To examine the predictive performance of STGP, we randomly split the simulated data set into a training set of 16 subjects and a test set of 8 subjects. Then, we predicted the image at the last time point for each of the 8 subjects in the test set. The prediction results are summarized in Table 2, which shows that STGP performs well even when the longitudinal data are sparse with unequal number of repeated measurements and different measurement times per subject.
Table 2.
Model | rtMSPE |
---|---|
Semiparametric model | 0.4885 |
Semiparametric model+FPCA | 0.4278 |
STGP | 0.4256 |
4 Real data analysis
4.1 ADNI PET data
We applied our proposed method to PET scans obtained at baseline, 6 months, and 12 months obtained from 159 subjects in the Alzheimer's Disease Neuroimaging Initiative (ADNI) study. Among them, there are 50 Normal Controls (NC), 58 Mild Cognitive Impairments (MCI) and 51 Alzheimer's Disease (AD) subjects. There are 97 males, whose mean baseline age is 77 years with standard deviation 6 years, and 62 females, whose mean baseline age is 75.5 years with standard deviation 6.7 years. FDG-PET images acquired 30-60 minutes post-injection were processed by using a standard image processing pipeline. A detailed description of PET protocols and acquisition can be found at www.adni-info.org. Such pipeline consists of average, spatial alignment, interpolation to a standard voxel size, intensity normalization, and smoothing to a common resolution of 8-mm full width at half maximum. The dimension of the processed PET images is 79×95×69.
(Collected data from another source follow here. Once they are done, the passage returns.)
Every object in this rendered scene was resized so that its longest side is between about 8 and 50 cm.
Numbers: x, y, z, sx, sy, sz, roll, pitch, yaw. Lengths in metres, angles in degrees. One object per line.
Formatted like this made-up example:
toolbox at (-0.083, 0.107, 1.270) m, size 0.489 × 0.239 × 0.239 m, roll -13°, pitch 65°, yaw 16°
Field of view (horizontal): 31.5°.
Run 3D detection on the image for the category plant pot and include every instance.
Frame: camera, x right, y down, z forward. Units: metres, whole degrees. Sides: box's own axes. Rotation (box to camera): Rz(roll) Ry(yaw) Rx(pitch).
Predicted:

We applied the prediction procedure in Section 2.3 to the PET scans. We randomly selected 80 subjects for a training set and used their data to train the prediction model. We included gender, diagnostic status (HC, MCI, AD), and age as covariates of interest. We first fitted the spatio-temporal Gaussian process model to the training data to estimate the fixed main effect μ(d, xi(t)), eigenvalue-eigenfunction pairs, and the model parameters in (6). Figure 4 presents the estimated μ̂(d, xi(t)) as a function of age corresponding to six combinations of diagnostic status and gender in a randomly selected voxel. For subjects in each of the six combinations, PET measure linearly decreases as age increases. Moreover, we observe that PET measures have two interesting patterns with HC>MCI>AD and Male>Female.
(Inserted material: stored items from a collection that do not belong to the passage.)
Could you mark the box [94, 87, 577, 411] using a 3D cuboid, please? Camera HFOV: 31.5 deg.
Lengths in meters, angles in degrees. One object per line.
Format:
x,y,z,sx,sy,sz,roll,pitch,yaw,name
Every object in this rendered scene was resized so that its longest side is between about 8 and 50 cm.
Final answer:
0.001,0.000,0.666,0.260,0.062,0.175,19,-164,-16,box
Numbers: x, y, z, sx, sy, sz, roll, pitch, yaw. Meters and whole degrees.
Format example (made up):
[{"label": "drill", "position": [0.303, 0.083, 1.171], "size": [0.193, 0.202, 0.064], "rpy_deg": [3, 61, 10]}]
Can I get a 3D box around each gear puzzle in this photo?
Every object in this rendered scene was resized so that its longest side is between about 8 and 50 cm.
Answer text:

The voxels were partitioned into 128 mutually exclusive brain regions by our clustering method. For smoothing of the mean function, we used penalized smoothing spline with smoothing parameters estimated by REML. In Figure 5 (a), we present the relative eigenvalues associated with the covariance function Ση((d, t), (d′, t′)), which decrease slowly to zero. We also show some selected slices of the estimated eigenfunctions corresponding to the largest four eigenvalues in Figure 6. We specified (6) using the nonseparable Gneiting's covariance model as in the simulated example and estimated the model parameters by optimizing (11).
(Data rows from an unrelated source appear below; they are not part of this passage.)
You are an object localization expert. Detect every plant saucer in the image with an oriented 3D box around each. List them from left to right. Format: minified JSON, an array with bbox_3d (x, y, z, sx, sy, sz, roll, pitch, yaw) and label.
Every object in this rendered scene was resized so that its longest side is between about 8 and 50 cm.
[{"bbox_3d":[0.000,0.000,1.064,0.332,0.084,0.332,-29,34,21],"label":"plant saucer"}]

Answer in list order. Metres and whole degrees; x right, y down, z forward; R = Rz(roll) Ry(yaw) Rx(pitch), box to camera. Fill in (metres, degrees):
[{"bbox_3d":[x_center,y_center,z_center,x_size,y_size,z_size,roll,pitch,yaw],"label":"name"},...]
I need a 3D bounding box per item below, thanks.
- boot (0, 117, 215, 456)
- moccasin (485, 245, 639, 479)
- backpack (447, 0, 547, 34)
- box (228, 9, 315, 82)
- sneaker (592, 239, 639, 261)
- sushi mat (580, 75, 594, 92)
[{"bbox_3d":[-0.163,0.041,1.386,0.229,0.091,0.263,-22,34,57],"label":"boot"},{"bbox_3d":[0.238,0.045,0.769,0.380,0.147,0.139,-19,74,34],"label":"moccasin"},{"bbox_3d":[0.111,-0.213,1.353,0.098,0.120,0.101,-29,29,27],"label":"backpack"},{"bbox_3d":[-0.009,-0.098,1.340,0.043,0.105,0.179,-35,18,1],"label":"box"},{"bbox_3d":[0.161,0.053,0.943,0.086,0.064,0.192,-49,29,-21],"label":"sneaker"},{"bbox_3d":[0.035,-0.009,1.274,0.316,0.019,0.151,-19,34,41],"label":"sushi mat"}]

The fitted model was then used to predict the PET scans at 12 months for each of the 79 subjects in the test set, based on the images at baseline and 6 months. Figure 7 shows the individual PET images predicted at 12 months (bottom panel) along with the corresponding observed images (upper panel) for three selected subjects consisting of an NC, an MCI, and an AD subject. We find that there is a strong agreement between the observed and predicted images.
We evaluated the prediction accuracy of our proposed model by calculating the rtMSPE(d) (13) and compared the results for the proposed model with those for the semiparametric model and the semiparametric model+FPCA. Figure 8 shows the rtMSPE(d) maps for the three models. Inspecting Figure 8 reveals that STGP provided substantially better prediction performance than the other models. We also calculated the overall rtMSPE for each model and compared the results in Table 3. The overall rtMSPE was reduced by 49% using the proposed model compared with the semiparametric model, while it was reduced by 36% compared with the semiparametric model+FPCA. We find that STGP can substantially increase the prediction accuracy compared with the other two models.
Table 3.
Model | rtMSPE |
---|---|
Semiparametric model | 0.0692 |
Semiparametric model+FPCA | 0.0550 |
STGP | 0.0354 |
4.2 Lateral ventricle surface data
We considered a longitudinal lateral ventricle surface data set obtained from a study of early brain development [Bompard et al., 2014]. See Bompard et al. [2014] for detailed information on imaging acquisition and analysis. The surface data set includes measurements for 24 healthy full-term infants (12 males and 12 females) at months 0 (2 weeks), 3, 6, 9, 12 approximately, with different infants having different visiting times and some infants missing a visit. Informed consent was obtained from the parents of all participants, and the experimental protocols were approved by the Institutional Review Board, University of North Carolina at Chapel Hill.
All subjects were scanned on a 3T MR scanner (Siemens Medical System, Erlangen, Germany) housed in the Biomedical Research Imaging Center. The T2-weighted images used in this study were acquired using a turbo spin-echo (TSE) sequence: TR = 7380 ms, TE = 119 ms, Flip Angle = 150u, and resolution = 1.256 × 1.256 × 1.95mm3. A total of 70 slices were acquired to cover the entire brain. None of the subjects were sedated for MRI; all scans were performed with subjects during sleep. Subjects were fed before scanning, then swaddled, allowed to fall asleep, fitted with ear protection and their heads secured.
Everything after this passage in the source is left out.